Time to execute SoundEx function - 0.027748 milliseconds
Soundex is a phonetic algorithm for indexing names by sound, as pronounced in English. The goal is for homophones to be encoded to the same representation so that they can be matched despite minor differences in spelling.

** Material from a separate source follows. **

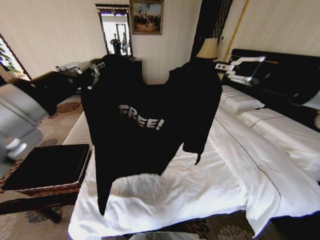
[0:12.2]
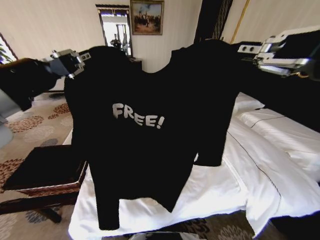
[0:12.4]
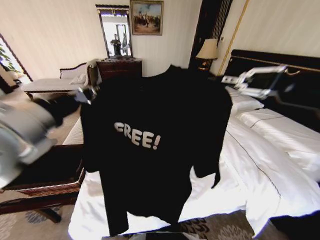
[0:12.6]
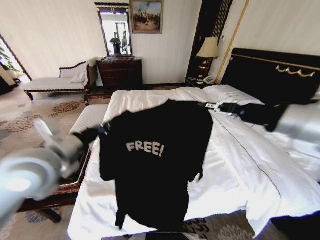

Time to execute MetaPhone function - 0.036774 milliseconds
Metaphone is a phonetic algorithm, published by Lawrence Philips in 1990, for indexing words by their English pronunciation.[1] It fundamentally improves on the Soundex algorithm by using information about variations and inconsistencies in English spelling and pronunciation to produce a more accurate encoding, which does a better job of matching words and names which sound similar.
Time to execute Manually curated function - 0.000823 milliseconds
Manual Curation uses a lookup table / lexicon which has been created by hand which links words to their lemmas, and includes obvious typos and spelling variations. Not all words are covered.